Há uma história curiosa, aqui no emprego ia receber naquela tarde um jovem candidato a um pequeno emprego na empresa. Quando abri a porta dei de caras com o rapaz que há duas semanas estava na discoteca a 'galar-me' de uma maneira que não gostei, à qual tomei a medida de chamar o segurança, pois não consegui que de outra forma o rapazito me deixasse estar sossegada. Bom, foi um choque, mas mantive a postura, recebi-o bem, etc e tal.
Quando saiu a minha chefe contou-me uma história igual à minha. Resumindo, foi o único candidato, acabou por ficar, e mostrou-se competente e profissional.
Olá, Patricia... que história, hem?
Que história.
Temos tantas caras... tantos pares de óculos, tantas facetas...
satisfaz-me a curiosidade, se puderes... o tal mocinho candidato... continuou a ter as duas "caras" ? Ou "vergou" uma delas à outra?
Beijos
Rolando
Ai Rolando
Não sei que diga...ou melhor, teria tanto para dizer...
Pode parecer pretensão da minha parte, por isso não vou escrever tudo o que gostava, mas acreditas que tive a sensação que estavas a escrever para mim?

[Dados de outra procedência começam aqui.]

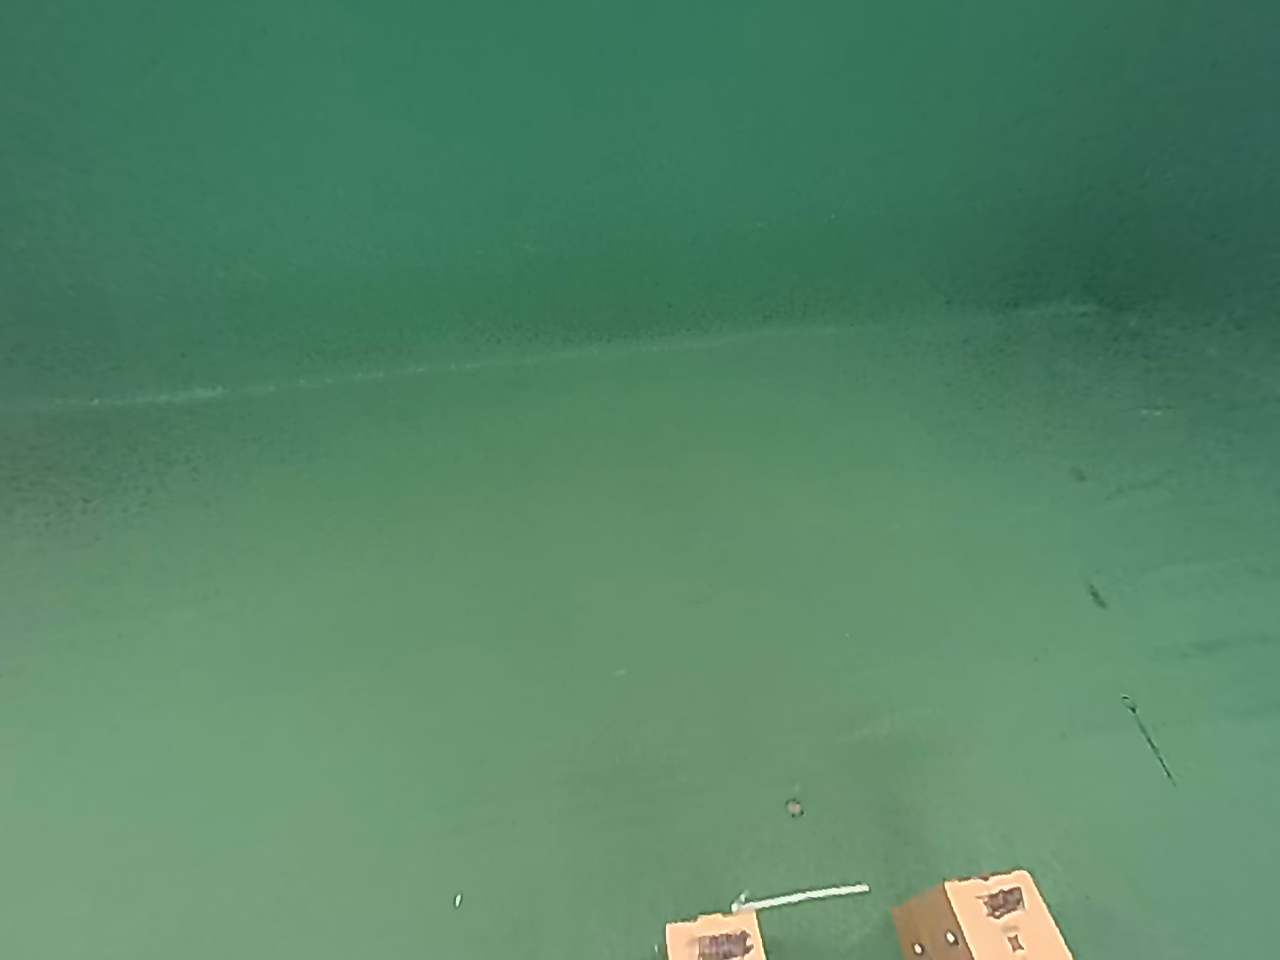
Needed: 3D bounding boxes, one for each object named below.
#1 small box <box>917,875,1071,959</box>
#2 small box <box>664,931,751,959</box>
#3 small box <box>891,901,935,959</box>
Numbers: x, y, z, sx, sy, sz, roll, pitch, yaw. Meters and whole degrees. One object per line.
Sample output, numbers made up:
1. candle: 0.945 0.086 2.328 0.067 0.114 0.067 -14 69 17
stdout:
1. small box: 0.639 0.848 0.978 0.168 0.176 0.179 -6 44 -4
2. small box: 0.141 1.018 1.058 0.168 0.176 0.179 -7 43 -4
3. small box: 0.640 0.967 1.092 0.168 0.176 0.179 -5 44 -4

Os meus óculos escuros...o meu mar...e mais não digo...tu disseste tudo.
Beijos
Manu
Olá, Manu
Fico feliz, acredita... por não não serem precisas mais palavras.
Beijos
Rolando
Profissionalismo, sensualidade, e tudo mais.
Somos assim: camaleões sociais , e, claro os óculos são o nosso álibi
Quando estamos a bem connosco, estamos a bem com o mundo.
Um abraço
Oi, Concha...
Sabes, é uma das ( muitas ) coisas que admiro nas mulheres... a capacidade de se reinventarem... com uma classe e elegância que inevitavelmente, deixa abaixo qualquer pretensão masculina...

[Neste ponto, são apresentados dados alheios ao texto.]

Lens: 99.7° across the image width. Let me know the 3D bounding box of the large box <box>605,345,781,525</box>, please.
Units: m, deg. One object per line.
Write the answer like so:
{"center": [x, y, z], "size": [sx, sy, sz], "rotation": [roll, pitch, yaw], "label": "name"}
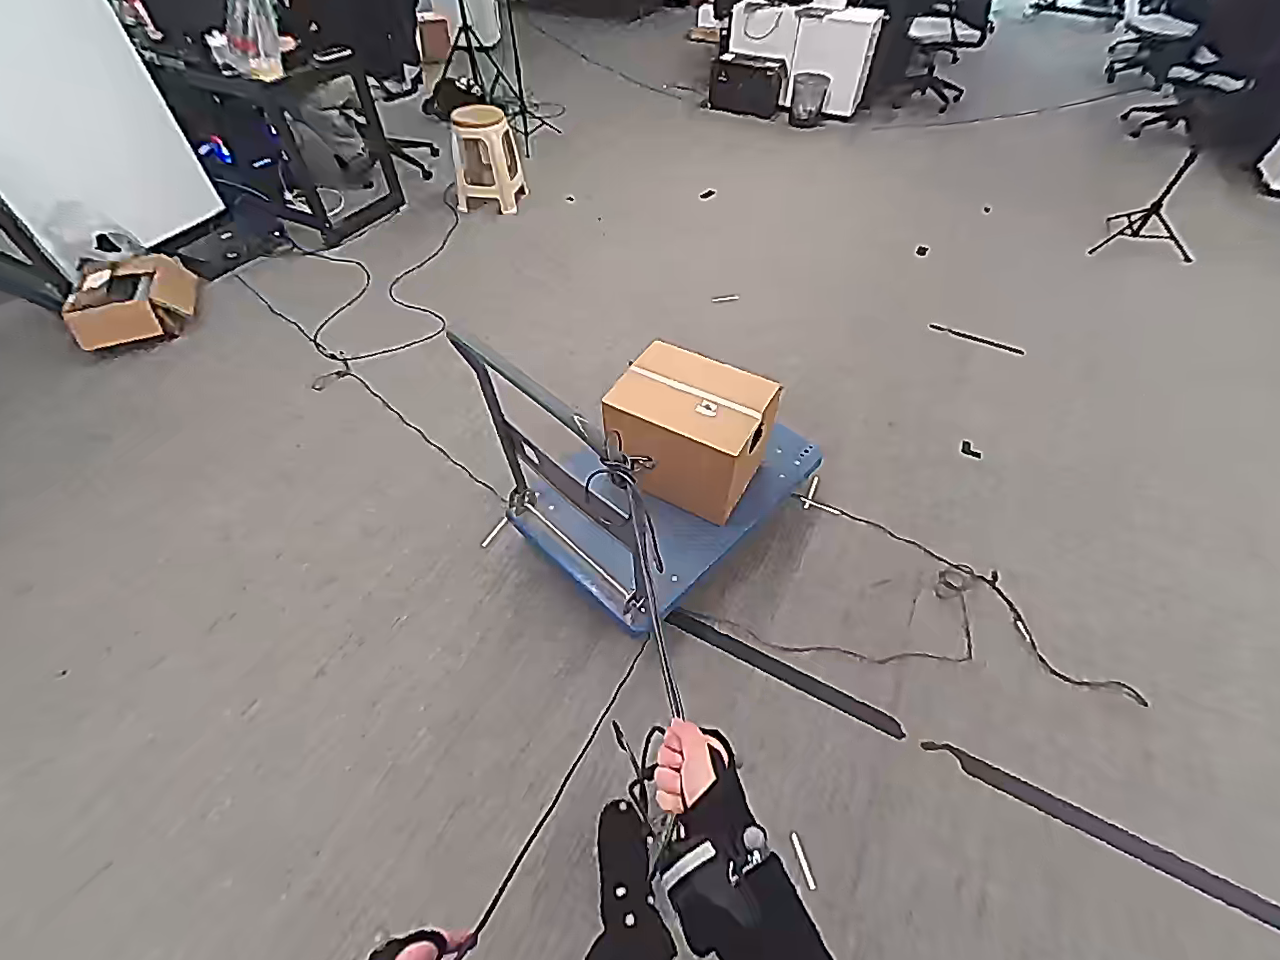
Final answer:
{"center": [0.144, -0.135, 1.592], "size": [0.408, 0.320, 0.320], "rotation": [25, 56, 18], "label": "large box"}

Com ou sem óculos escuros.
beijos
Rolando
De
lis a 25 de Setembro de 2009 às 15:20
Permita-me imaginar como a Manu , que escreveste pra mim também rsrsrs esse ar professoral, essa vozinha por detras da mesa dizendo, tchau fessora ! o óculos de lentes azuis como o mar, paar esconder toda ou alguma chateação (?), os olhares furtivos e gulosos da " malta" catedrática rsrs e aquele mar a se derramar na areia fininha da praiia. Sou eu ou nao sou ?
´Depois dessa leitura supimpa só posso dizer que estou me sentino muito bem .
Lindo, Rolando, um poema.
Abraços
.
Oi, Lis...
Deixas-me assim a modos que encabulado...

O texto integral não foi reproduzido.